Exercise prompt =
Of the material below, the lines to be retyped are those from the line containing "the pathogenesis of</text>" through the line containing "levels of TGF</text>", inclusive; reproduce them exactly.
■ ■ ■ ■
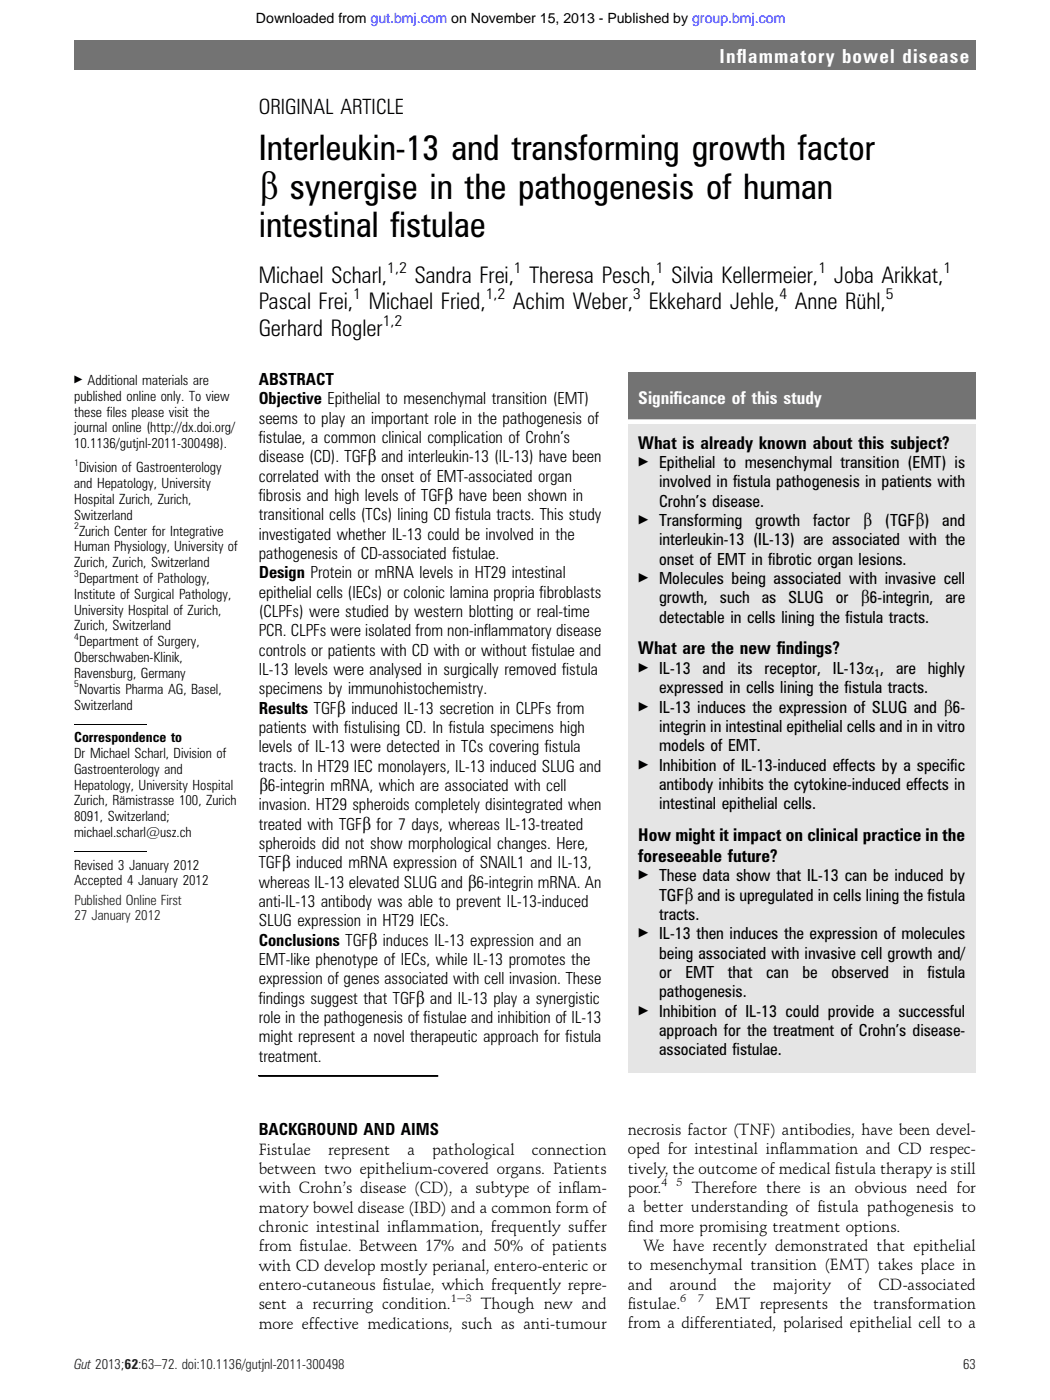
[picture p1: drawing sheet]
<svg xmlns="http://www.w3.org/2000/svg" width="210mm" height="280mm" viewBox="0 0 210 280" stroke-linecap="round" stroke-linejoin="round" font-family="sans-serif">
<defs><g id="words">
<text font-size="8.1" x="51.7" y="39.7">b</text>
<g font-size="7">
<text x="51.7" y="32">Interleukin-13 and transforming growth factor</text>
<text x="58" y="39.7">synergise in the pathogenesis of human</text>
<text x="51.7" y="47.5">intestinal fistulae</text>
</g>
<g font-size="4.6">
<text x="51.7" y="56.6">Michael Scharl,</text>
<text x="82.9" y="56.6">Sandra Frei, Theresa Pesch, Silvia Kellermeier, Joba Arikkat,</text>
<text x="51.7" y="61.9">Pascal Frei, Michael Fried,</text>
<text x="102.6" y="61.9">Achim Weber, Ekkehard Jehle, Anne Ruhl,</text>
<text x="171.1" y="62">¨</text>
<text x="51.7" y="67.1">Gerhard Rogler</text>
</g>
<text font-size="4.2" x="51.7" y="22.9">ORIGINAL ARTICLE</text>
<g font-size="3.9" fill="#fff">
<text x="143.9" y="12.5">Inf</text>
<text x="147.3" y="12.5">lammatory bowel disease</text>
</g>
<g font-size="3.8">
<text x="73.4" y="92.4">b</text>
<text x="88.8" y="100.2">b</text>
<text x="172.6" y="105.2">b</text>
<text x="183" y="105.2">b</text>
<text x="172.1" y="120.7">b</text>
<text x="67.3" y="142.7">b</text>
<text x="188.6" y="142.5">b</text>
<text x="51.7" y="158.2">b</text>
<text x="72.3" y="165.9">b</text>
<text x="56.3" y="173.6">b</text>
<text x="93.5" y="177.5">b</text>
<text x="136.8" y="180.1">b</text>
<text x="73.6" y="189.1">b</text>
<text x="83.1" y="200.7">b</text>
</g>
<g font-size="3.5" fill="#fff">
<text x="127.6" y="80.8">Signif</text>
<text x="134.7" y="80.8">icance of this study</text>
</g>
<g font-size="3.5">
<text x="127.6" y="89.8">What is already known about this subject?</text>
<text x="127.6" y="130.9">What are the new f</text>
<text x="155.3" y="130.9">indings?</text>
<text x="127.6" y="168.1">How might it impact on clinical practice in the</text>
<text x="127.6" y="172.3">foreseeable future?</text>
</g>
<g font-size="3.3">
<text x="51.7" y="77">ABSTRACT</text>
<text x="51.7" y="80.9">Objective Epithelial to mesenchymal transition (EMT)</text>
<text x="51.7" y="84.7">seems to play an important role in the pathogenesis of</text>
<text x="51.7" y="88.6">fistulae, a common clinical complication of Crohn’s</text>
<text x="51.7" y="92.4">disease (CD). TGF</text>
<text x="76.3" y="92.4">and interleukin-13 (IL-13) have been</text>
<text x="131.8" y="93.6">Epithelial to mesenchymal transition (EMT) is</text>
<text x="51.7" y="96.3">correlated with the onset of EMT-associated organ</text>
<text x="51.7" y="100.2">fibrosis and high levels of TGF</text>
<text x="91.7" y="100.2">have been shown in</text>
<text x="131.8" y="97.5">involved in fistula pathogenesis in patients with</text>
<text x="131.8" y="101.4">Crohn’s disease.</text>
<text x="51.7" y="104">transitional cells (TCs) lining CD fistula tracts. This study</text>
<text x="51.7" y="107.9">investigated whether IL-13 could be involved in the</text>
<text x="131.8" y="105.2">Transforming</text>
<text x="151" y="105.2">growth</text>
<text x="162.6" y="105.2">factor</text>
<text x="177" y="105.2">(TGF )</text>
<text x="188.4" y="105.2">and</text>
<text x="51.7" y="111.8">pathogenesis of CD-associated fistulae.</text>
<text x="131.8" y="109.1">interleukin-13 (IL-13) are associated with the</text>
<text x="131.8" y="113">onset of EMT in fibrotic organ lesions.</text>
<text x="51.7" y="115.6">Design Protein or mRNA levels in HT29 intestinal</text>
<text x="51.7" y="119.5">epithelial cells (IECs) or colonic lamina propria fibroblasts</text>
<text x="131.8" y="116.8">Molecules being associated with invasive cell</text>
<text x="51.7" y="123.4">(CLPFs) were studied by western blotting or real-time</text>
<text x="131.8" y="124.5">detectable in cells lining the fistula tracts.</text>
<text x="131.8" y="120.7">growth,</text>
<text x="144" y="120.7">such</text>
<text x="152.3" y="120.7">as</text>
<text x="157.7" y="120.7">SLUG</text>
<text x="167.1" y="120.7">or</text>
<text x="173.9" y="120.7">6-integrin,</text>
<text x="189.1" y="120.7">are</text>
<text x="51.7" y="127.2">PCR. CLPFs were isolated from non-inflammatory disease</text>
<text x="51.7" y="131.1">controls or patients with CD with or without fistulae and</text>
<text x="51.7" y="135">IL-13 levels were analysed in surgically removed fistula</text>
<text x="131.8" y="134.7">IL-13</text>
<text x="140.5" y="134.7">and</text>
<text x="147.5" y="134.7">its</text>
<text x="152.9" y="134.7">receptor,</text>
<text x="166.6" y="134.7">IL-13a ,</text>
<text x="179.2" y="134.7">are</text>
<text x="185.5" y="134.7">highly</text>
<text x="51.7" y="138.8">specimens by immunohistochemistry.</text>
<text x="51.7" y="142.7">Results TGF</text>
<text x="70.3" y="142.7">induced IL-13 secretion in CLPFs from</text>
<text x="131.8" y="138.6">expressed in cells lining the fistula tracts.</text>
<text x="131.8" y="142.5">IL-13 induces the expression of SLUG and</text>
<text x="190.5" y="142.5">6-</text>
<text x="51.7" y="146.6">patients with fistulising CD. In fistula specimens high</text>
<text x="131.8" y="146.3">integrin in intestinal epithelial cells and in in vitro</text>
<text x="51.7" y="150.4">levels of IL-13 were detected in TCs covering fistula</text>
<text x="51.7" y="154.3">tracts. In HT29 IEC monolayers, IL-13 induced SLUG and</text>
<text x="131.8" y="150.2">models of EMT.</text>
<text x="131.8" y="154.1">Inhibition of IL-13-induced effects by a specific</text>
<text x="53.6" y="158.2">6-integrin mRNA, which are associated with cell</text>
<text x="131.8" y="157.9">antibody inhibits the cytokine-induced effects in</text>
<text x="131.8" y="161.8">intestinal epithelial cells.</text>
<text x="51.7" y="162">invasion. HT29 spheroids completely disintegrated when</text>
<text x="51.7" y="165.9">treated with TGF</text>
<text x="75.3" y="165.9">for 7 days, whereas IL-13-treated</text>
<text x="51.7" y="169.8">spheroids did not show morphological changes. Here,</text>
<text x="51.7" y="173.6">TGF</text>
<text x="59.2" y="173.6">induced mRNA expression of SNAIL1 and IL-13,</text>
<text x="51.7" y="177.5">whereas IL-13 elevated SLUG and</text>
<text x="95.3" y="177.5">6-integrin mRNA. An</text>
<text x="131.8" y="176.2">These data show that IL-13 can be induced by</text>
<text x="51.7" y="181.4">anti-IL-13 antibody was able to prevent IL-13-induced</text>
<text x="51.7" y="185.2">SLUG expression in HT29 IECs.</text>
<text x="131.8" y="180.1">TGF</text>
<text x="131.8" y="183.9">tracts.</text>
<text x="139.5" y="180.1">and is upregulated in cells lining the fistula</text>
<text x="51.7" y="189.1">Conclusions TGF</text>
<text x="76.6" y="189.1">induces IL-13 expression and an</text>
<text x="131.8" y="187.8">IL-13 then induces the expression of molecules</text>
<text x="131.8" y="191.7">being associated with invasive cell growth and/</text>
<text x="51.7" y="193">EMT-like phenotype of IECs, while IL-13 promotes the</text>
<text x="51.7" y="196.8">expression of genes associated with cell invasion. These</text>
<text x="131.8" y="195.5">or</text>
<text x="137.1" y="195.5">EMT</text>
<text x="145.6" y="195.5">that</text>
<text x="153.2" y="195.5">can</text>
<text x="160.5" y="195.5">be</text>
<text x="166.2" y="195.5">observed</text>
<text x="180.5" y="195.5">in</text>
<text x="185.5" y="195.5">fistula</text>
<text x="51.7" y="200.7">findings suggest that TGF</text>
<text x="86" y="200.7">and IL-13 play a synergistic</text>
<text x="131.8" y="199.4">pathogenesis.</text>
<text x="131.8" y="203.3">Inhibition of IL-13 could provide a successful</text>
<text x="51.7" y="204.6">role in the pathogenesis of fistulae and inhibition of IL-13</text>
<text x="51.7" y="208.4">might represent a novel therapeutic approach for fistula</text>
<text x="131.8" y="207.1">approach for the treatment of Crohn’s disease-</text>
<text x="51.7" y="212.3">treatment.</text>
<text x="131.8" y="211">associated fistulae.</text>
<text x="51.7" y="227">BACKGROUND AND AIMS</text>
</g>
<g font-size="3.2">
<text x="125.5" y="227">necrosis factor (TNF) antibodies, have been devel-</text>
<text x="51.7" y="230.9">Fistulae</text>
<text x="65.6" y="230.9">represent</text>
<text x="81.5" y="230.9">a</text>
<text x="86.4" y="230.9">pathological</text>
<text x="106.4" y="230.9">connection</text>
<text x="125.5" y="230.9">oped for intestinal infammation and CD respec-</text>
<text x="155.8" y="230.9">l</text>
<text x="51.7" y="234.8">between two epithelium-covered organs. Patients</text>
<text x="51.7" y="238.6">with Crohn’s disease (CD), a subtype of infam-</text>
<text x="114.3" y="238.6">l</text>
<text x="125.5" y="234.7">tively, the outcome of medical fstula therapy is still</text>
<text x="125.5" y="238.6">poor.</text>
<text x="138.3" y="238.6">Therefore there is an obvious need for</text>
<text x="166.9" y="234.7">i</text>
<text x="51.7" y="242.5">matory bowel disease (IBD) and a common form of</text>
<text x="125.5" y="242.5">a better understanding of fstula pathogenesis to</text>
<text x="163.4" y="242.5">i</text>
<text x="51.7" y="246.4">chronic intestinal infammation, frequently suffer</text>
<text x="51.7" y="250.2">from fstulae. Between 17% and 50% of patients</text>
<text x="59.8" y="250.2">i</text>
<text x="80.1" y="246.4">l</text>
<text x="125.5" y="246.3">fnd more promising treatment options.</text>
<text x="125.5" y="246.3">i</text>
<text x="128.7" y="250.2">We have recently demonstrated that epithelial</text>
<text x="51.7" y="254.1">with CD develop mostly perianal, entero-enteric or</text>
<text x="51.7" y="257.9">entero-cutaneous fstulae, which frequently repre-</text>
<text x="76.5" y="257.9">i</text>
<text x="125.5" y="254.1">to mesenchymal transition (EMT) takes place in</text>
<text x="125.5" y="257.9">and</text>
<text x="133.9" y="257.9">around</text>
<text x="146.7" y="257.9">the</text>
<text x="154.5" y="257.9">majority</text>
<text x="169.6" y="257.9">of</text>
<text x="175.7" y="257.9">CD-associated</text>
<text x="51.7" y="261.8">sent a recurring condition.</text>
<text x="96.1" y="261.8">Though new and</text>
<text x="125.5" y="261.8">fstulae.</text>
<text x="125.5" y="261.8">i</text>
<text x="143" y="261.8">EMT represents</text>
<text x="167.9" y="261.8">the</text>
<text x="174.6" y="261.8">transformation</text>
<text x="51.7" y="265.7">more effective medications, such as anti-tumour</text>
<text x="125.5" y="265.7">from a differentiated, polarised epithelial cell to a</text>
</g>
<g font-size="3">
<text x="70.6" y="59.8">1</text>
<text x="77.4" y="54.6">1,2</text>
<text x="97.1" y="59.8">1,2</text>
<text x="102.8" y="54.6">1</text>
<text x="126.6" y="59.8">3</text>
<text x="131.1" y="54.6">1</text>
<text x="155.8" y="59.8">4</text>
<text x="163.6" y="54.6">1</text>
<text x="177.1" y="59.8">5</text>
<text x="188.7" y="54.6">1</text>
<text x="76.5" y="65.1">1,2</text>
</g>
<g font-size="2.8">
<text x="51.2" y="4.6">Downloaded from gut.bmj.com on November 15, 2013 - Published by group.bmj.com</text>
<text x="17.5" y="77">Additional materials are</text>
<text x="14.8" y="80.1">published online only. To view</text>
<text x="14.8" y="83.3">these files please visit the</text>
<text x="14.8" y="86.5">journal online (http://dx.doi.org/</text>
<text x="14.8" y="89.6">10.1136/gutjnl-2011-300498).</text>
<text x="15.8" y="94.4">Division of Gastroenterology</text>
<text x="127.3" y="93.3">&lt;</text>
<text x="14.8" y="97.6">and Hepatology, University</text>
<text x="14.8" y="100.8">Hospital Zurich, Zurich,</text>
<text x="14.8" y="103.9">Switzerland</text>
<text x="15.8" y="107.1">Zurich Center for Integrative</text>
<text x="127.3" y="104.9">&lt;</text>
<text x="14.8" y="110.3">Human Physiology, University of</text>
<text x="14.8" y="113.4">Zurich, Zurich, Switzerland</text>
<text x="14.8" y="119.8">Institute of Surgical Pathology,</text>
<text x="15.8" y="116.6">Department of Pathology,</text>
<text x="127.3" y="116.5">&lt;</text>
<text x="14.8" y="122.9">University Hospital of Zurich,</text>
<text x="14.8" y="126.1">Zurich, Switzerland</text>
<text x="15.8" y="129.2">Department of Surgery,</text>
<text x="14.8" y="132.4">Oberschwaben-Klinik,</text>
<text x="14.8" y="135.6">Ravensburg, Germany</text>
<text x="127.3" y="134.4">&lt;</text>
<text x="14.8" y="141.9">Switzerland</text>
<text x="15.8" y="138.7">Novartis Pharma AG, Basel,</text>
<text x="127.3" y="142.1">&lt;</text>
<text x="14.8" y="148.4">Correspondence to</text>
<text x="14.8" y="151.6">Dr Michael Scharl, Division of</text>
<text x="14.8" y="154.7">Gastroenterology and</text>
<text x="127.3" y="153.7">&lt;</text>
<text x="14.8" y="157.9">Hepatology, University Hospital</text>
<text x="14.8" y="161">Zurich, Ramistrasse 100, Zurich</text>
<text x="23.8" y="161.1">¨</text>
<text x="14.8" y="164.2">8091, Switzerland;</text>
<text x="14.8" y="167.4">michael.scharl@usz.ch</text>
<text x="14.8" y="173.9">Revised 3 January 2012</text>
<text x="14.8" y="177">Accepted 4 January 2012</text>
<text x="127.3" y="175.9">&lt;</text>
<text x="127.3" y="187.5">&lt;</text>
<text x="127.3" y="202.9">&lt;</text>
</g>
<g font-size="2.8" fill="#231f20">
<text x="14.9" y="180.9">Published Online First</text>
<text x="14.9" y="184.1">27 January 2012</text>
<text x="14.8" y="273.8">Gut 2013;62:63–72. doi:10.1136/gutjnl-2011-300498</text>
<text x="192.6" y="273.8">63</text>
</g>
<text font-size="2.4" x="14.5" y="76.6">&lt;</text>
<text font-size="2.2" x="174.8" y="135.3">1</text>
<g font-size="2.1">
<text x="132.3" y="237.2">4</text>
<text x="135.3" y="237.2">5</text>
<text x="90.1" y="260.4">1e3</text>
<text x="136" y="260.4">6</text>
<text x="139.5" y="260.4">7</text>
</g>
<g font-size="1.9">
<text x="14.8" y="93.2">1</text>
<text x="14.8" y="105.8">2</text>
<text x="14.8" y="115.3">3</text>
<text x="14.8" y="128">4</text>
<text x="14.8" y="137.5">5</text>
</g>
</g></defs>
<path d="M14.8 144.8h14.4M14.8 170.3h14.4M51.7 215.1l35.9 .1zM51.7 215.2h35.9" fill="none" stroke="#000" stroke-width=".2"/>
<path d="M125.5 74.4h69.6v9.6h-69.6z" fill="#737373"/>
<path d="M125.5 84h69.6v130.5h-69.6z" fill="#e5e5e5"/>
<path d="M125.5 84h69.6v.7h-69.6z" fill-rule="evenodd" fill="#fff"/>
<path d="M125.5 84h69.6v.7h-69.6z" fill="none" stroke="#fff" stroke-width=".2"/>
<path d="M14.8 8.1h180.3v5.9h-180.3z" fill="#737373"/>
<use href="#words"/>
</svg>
■ ■ ■ ■
Result below =
<text x="51.7" y="84.7">seems to play an important role in the pathogenesis of</text>
<text x="51.7" y="88.6">fistulae, a common clinical complication of Crohn’s</text>
<text x="51.7" y="92.4">disease (CD). TGF</text>
<text x="76.3" y="92.4">and interleukin-13 (IL-13) have been</text>
<text x="131.8" y="93.6">Epithelial to mesenchymal transition (EMT) is</text>
<text x="51.7" y="96.3">correlated with the onset of EMT-associated organ</text>
<text x="51.7" y="100.2">fibrosis and high levels of TGF</text>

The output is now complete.